Pour l’ensemble des quatre séquences, il est possible d’envisager d’intervenir et d’agir de façon formelle ou informelle, même si longtemps il a été sous-entendu que le contrôle formel (faire agir des professionnels payés pour réprimer l’infraction) était la seule solution possible. Il s’avère que l’informel (le contrôle exercé par la famille ou les pairs) est à terme et dans la durée sans doute plus efficace.

Pour l’étape 1, l’introduction de l’alcool dans la vie des usagers, le contrôle formel va consister à mettre en place une politique de l’alcool, de sa disponibilité, de son prix, ou de son mode de diffusion qui va limiter ou pas la possibilité d’y avoir accès facilement. Le mode d’intervention informel va consister à aider les parents ou les proches à intervenir.

Pour l’étape 2, la gestion de la consommation, les contrôles aléatoires de la police, l’accès différé au droit à la conduite comme cela existe aux États-Unis peuvent être des modes formels d’intervention. La formation des barmen et des établissements à la détection des intoxications excessives, l’auto contrôle par la présence d’éthylotests dans les voitures ou dans les établissements, les anti-démarreurs sur les voitures sont des exemples de modes informels de contrôle de la gestion par les individus ou par leurs proches de leur consommation.

Pour l’étape 3, la décision de prendre le volant sous l’influence de l’alcool, le travail effectué par les municipalités sur les transports collectifs de nuit est un exemple de contrôle social formel. Par contre, la pratique du conducteur désigné est une pratique non formelle qui fonctionne bien comme on a pu le voir précédemment.

Pour l’étape 4, le contrôle de l’état alcoolique et la sanction sont le mode de contrôle formel mis en place. Pour être efficace, la sanction doit être inévitable, équitable et rapide.

Sur l’ensemble de ce risque, on voit donc qu’il existe des interactions possibles entre les différents acteurs, institutionnels ou non, afin de modérer l’infraction ou de l’éviter.

Cela suppose de mener une réflexion globale, de trouver une cohérence entre les interventions formelles ou informelles, les messages diffusés, auprès des « infractionnistes » potentiels mais également de leur environnement social ou familial, et les diffuseurs de ces messages pour que tous ces éléments se renforcent mutuellement. De cette façon, une dissuasion s’exerce en continu sur

la possibilité d’infraction et ses conséquences, quand malgré tout l’infraction a lieu, sont limitées.

Le regard porté sur le risque et les comportements des usagers se situe ainsi dans une perspective plus large. Il oblige à saisir l’ensemble des facteurs qui conduisent à l’infraction (afin d’agir par l’intermédiaire d’un faisceau de messages convergents).

Généraliser ce modèle d’analyse à chaque risque identifié

Généraliser cette analyse pour chaque risque identifié et travailler sur un ensemble de mesures homogènes et pas seulement ponctuelles devrait permettre de disposer d’un ensemble cohérent de mesures de dissuasion, agissant à la fois sur les usagers potentiels mais également sur leur environnement et sur la perception sociale du risque.

Proposer à chacun et pour chaque risque identifié (alcool, drogue, addictions diverses, auxquelles on peut ajouter le risque généré par l’usage du téléphone au volant) un ensemble de solutions d’évitement, connues par tous et adaptées aux circonstances peut permettre de faire baisser de façon importante les comportements imprudents ou dangereux.

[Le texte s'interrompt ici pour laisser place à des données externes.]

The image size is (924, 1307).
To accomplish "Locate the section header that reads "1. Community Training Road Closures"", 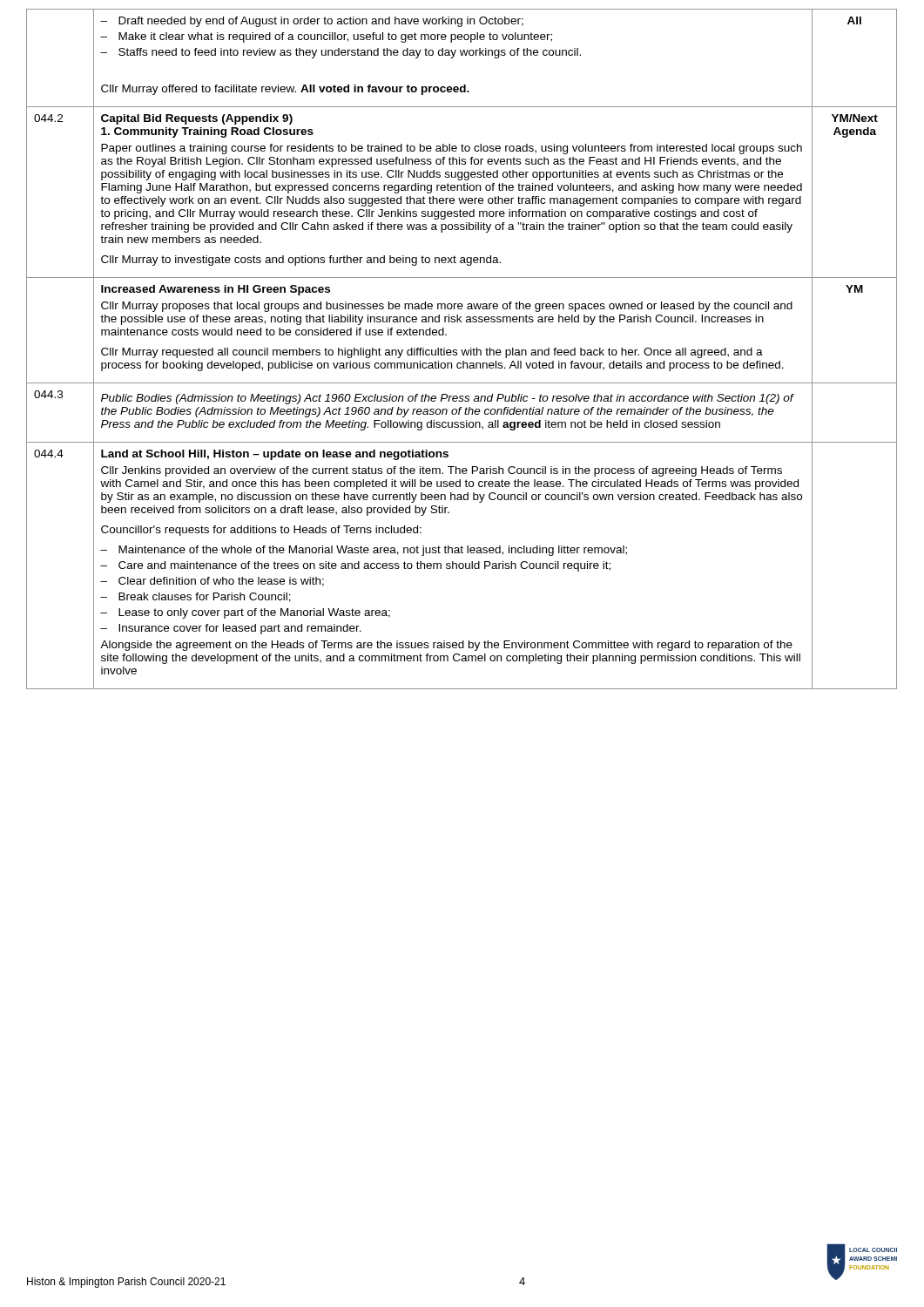I will tap(207, 131).

4. Utiliser un faisceau de messages convergents

La pression médiatique est sans doute l’une des raisons qui explique la baisse des accidents de ces dernières années.

Pour être entendu, un message doit être « acceptable » pour sa cible mais il doit surtout toucher le public auquel il est destiné et est d’autant plus efficace qu’il est relayé par de multiples canaux proches de la cible visée. Ce qui implique une politique de communication et d’information soutenue et constante pour les différents risques et adaptés aux publics concernés.

On peut ainsi imaginer une campagne pour attacher les ceintures à l’arrière, s’adressant aux enfants d’âge scolaire pour leur rappeler les bonnes raisons de s’attacher, aux jeunes conducteurs pour évoquer leur responsabilité par rapport à leurs passagers, aux jeunes parents pour la sécurité de leurs enfants, et aux personnes âgées pour celle de leurs petits enfants. Si en même temps dans le continuum éducatif, il est rappelé l’obligation pour tous les passagers d’être ceinturés, que l’infraction est verbalisée systématiquement et que des études spécialisées permettent d’informer sur le risque lors d’une campagne télévisée, on peut penser que ce message multiplie ainsi ses chances de rejoindre les préoccupations des conducteurs.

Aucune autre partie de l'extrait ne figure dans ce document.